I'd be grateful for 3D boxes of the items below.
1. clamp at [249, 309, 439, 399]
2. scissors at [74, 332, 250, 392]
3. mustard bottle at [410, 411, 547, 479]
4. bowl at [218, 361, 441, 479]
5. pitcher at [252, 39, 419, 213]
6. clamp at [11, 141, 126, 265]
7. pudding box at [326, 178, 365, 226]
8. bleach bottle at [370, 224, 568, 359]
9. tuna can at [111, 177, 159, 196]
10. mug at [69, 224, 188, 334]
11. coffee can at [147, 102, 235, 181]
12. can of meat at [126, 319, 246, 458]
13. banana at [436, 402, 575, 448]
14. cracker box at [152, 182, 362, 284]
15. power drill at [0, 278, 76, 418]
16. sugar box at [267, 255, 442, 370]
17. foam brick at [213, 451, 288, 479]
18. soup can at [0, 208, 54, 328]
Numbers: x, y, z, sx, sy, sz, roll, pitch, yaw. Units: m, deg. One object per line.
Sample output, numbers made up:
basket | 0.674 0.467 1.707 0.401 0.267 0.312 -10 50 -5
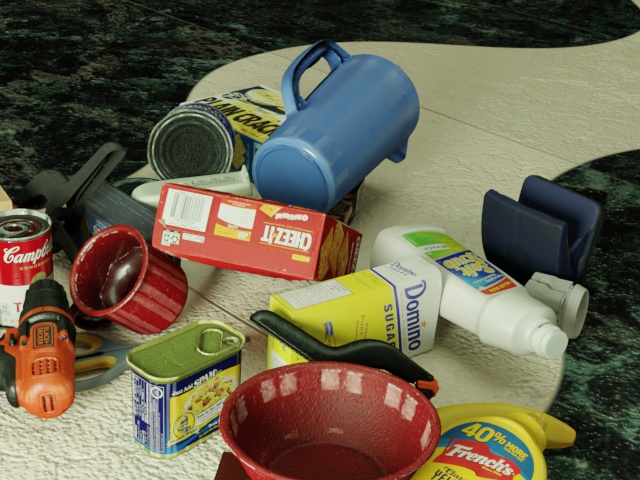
+--
**EXERCISE INSTRUCTIONS**
A copy of each line above that holds the word "bottle" is the expected answer.

**ANSWER BOX**
3. mustard bottle at [410, 411, 547, 479]
8. bleach bottle at [370, 224, 568, 359]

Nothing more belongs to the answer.